▶ _Exercise material_:
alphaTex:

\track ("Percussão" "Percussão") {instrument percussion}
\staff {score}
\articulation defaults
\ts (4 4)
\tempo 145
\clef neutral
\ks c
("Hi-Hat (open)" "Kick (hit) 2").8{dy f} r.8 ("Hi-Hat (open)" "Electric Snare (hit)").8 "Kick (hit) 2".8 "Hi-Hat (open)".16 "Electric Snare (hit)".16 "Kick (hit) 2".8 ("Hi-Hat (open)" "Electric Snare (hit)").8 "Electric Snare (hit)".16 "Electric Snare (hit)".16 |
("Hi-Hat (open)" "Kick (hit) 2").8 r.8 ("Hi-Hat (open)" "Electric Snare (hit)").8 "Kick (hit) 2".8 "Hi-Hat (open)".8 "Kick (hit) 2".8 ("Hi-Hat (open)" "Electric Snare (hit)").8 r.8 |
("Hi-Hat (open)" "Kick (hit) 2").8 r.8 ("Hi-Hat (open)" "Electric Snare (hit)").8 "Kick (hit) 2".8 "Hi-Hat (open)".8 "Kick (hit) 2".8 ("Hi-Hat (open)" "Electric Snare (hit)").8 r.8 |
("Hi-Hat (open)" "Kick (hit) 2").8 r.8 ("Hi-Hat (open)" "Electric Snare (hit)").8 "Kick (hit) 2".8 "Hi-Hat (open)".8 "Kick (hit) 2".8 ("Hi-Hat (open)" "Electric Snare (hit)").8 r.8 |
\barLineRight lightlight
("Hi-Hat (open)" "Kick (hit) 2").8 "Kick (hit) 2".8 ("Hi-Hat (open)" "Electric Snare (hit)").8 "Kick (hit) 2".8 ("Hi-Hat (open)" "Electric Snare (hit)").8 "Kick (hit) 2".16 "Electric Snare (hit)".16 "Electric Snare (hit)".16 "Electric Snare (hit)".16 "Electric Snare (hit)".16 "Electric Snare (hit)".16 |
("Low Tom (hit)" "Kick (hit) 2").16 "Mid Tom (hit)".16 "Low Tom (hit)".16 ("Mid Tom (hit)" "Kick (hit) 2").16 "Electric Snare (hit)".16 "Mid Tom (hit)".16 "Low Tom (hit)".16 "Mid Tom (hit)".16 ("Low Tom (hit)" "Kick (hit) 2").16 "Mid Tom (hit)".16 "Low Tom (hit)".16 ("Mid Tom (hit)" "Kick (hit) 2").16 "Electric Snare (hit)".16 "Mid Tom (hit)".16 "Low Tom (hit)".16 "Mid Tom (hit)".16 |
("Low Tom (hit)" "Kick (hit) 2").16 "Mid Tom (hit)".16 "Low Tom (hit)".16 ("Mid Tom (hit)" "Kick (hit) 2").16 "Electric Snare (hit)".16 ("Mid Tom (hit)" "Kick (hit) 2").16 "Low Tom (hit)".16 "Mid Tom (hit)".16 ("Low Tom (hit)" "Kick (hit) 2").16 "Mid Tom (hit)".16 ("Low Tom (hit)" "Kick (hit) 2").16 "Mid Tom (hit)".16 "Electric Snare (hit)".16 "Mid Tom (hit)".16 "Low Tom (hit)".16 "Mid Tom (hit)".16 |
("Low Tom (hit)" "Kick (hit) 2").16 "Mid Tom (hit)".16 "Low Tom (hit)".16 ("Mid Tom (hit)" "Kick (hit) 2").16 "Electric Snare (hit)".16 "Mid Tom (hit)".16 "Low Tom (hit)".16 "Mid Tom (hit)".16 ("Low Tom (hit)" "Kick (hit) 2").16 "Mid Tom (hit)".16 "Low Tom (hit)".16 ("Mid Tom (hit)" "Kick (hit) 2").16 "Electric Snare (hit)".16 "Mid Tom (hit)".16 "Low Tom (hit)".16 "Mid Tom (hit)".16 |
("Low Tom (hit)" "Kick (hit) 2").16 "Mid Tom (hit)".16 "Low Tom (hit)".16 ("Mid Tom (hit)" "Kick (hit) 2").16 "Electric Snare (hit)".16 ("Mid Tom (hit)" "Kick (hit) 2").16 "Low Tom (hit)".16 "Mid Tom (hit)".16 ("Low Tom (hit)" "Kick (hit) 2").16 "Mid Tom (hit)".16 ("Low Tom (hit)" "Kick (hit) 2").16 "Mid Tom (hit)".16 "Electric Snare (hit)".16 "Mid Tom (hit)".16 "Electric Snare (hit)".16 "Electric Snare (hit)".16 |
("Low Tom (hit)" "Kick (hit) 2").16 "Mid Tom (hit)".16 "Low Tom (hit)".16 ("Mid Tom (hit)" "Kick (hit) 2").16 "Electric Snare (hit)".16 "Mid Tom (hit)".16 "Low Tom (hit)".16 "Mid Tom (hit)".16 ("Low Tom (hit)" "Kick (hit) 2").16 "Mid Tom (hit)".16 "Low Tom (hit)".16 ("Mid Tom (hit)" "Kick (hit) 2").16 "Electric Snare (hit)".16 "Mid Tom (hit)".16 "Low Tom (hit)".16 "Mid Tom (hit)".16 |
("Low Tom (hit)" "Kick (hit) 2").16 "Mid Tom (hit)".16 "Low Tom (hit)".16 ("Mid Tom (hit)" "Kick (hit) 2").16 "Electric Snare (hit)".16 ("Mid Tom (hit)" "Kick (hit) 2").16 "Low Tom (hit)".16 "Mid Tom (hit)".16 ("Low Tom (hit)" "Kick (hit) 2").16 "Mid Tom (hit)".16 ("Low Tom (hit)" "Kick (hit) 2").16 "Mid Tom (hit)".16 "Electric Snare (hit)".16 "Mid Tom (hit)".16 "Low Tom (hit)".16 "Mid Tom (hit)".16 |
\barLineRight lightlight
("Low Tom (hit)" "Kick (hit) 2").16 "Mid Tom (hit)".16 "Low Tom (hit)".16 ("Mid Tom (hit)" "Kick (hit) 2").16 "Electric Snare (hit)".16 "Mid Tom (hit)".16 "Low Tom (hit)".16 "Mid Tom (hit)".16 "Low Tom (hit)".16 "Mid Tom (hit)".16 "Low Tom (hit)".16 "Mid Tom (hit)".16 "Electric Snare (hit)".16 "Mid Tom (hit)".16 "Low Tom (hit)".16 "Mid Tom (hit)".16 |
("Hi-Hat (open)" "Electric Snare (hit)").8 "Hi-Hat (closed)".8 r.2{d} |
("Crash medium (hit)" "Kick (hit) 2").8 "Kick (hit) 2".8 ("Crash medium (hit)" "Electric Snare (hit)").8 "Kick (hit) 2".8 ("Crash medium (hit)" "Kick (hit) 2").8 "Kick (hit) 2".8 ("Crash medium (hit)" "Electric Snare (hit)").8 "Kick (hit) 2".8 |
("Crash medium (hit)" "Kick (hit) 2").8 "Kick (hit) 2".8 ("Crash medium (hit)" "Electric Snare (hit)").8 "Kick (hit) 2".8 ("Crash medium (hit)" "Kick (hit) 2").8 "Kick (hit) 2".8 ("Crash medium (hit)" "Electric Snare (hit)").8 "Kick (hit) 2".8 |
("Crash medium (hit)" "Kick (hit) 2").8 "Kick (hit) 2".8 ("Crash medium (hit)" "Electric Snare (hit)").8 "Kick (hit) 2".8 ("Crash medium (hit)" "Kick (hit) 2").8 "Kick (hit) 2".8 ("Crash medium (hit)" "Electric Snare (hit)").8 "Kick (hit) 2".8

▶ _Action item_:
All of the material above should be restated verbatim.

▶ _Answer for the task_:
alphaTex:

\track ("Percussão" "Percussão") {instrument percussion}
\staff {score}
\articulation defaults
\ts (4 4)
\tempo 145
\clef neutral
\ks c
("Hi-Hat (open)" "Kick (hit) 2").8{dy f} r.8 ("Hi-Hat (open)" "Electric Snare (hit)").8 "Kick (hit) 2".8 "Hi-Hat (open)".16 "Electric Snare (hit)".16 "Kick (hit) 2".8 ("Hi-Hat (open)" "Electric Snare (hit)").8 "Electric Snare (hit)".16 "Electric Snare (hit)".16 |
("Hi-Hat (open)" "Kick (hit) 2").8 r.8 ("Hi-Hat (open)" "Electric Snare (hit)").8 "Kick (hit) 2".8 "Hi-Hat (open)".8 "Kick (hit) 2".8 ("Hi-Hat (open)" "Electric Snare (hit)").8 r.8 |
("Hi-Hat (open)" "Kick (hit) 2").8 r.8 ("Hi-Hat (open)" "Electric Snare (hit)").8 "Kick (hit) 2".8 "Hi-Hat (open)".8 "Kick (hit) 2".8 ("Hi-Hat (open)" "Electric Snare (hit)").8 r.8 |
("Hi-Hat (open)" "Kick (hit) 2").8 r.8 ("Hi-Hat (open)" "Electric Snare (hit)").8 "Kick (hit) 2".8 "Hi-Hat (open)".8 "Kick (hit) 2".8 ("Hi-Hat (open)" "Electric Snare (hit)").8 r.8 |
\barLineRight lightlight
("Hi-Hat (open)" "Kick (hit) 2").8 "Kick (hit) 2".8 ("Hi-Hat (open)" "Electric Snare (hit)").8 "Kick (hit) 2".8 ("Hi-Hat (open)" "Electric Snare (hit)").8 "Kick (hit) 2".16 "Electric Snare (hit)".16 "Electric Snare (hit)".16 "Electric Snare (hit)".16 "Electric Snare (hit)".16 "Electric Snare (hit)".16 |
("Low Tom (hit)" "Kick (hit) 2").16 "Mid Tom (hit)".16 "Low Tom (hit)".16 ("Mid Tom (hit)" "Kick (hit) 2").16 "Electric Snare (hit)".16 "Mid Tom (hit)".16 "Low Tom (hit)".16 "Mid Tom (hit)".16 ("Low Tom (hit)" "Kick (hit) 2").16 "Mid Tom (hit)".16 "Low Tom (hit)".16 ("Mid Tom (hit)" "Kick (hit) 2").16 "Electric Snare (hit)".16 "Mid Tom (hit)".16 "Low Tom (hit)".16 "Mid Tom (hit)".16 |
("Low Tom (hit)" "Kick (hit) 2").16 "Mid Tom (hit)".16 "Low Tom (hit)".16 ("Mid Tom (hit)" "Kick (hit) 2").16 "Electric Snare (hit)".16 ("Mid Tom (hit)" "Kick (hit) 2").16 "Low Tom (hit)".16 "Mid Tom (hit)".16 ("Low Tom (hit)" "Kick (hit) 2").16 "Mid Tom (hit)".16 ("Low Tom (hit)" "Kick (hit) 2").16 "Mid Tom (hit)".16 "Electric Snare (hit)".16 "Mid Tom (hit)".16 "Low Tom (hit)".16 "Mid Tom (hit)".16 |
("Low Tom (hit)" "Kick (hit) 2").16 "Mid Tom (hit)".16 "Low Tom (hit)".16 ("Mid Tom (hit)" "Kick (hit) 2").16 "Electric Snare (hit)".16 "Mid Tom (hit)".16 "Low Tom (hit)".16 "Mid Tom (hit)".16 ("Low Tom (hit)" "Kick (hit) 2").16 "Mid Tom (hit)".16 "Low Tom (hit)".16 ("Mid Tom (hit)" "Kick (hit) 2").16 "Electric Snare (hit)".16 "Mid Tom (hit)".16 "Low Tom (hit)".16 "Mid Tom (hit)".16 |
("Low Tom (hit)" "Kick (hit) 2").16 "Mid Tom (hit)".16 "Low Tom (hit)".16 ("Mid Tom (hit)" "Kick (hit) 2").16 "Electric Snare (hit)".16 ("Mid Tom (hit)" "Kick (hit) 2").16 "Low Tom (hit)".16 "Mid Tom (hit)".16 ("Low Tom (hit)" "Kick (hit) 2").16 "Mid Tom (hit)".16 ("Low Tom (hit)" "Kick (hit) 2").16 "Mid Tom (hit)".16 "Electric Snare (hit)".16 "Mid Tom (hit)".16 "Electric Snare (hit)".16 "Electric Snare (hit)".16 |
("Low Tom (hit)" "Kick (hit) 2").16 "Mid Tom (hit)".16 "Low Tom (hit)".16 ("Mid Tom (hit)" "Kick (hit) 2").16 "Electric Snare (hit)".16 "Mid Tom (hit)".16 "Low Tom (hit)".16 "Mid Tom (hit)".16 ("Low Tom (hit)" "Kick (hit) 2").16 "Mid Tom (hit)".16 "Low Tom (hit)".16 ("Mid Tom (hit)" "Kick (hit) 2").16 "Electric Snare (hit)".16 "Mid Tom (hit)".16 "Low Tom (hit)".16 "Mid Tom (hit)".16 |
("Low Tom (hit)" "Kick (hit) 2").16 "Mid Tom (hit)".16 "Low Tom (hit)".16 ("Mid Tom (hit)" "Kick (hit) 2").16 "Electric Snare (hit)".16 ("Mid Tom (hit)" "Kick (hit) 2").16 "Low Tom (hit)".16 "Mid Tom (hit)".16 ("Low Tom (hit)" "Kick (hit) 2").16 "Mid Tom (hit)".16 ("Low Tom (hit)" "Kick (hit) 2").16 "Mid Tom (hit)".16 "Electric Snare (hit)".16 "Mid Tom (hit)".16 "Low Tom (hit)".16 "Mid Tom (hit)".16 |
\barLineRight lightlight
("Low Tom (hit)" "Kick (hit) 2").16 "Mid Tom (hit)".16 "Low Tom (hit)".16 ("Mid Tom (hit)" "Kick (hit) 2").16 "Electric Snare (hit)".16 "Mid Tom (hit)".16 "Low Tom (hit)".16 "Mid Tom (hit)".16 "Low Tom (hit)".16 "Mid Tom (hit)".16 "Low Tom (hit)".16 "Mid Tom (hit)".16 "Electric Snare (hit)".16 "Mid Tom (hit)".16 "Low Tom (hit)".16 "Mid Tom (hit)".16 |
("Hi-Hat (open)" "Electric Snare (hit)").8 "Hi-Hat (closed)".8 r.2{d} |
("Crash medium (hit)" "Kick (hit) 2").8 "Kick (hit) 2".8 ("Crash medium (hit)" "Electric Snare (hit)").8 "Kick (hit) 2".8 ("Crash medium (hit)" "Kick (hit) 2").8 "Kick (hit) 2".8 ("Crash medium (hit)" "Electric Snare (hit)").8 "Kick (hit) 2".8 |
("Crash medium (hit)" "Kick (hit) 2").8 "Kick (hit) 2".8 ("Crash medium (hit)" "Electric Snare (hit)").8 "Kick (hit) 2".8 ("Crash medium (hit)" "Kick (hit) 2").8 "Kick (hit) 2".8 ("Crash medium (hit)" "Electric Snare (hit)").8 "Kick (hit) 2".8 |
("Crash medium (hit)" "Kick (hit) 2").8 "Kick (hit) 2".8 ("Crash medium (hit)" "Electric Snare (hit)").8 "Kick (hit) 2".8 ("Crash medium (hit)" "Kick (hit) 2").8 "Kick (hit) 2".8 ("Crash medium (hit)" "Electric Snare (hit)").8 "Kick (hit) 2".8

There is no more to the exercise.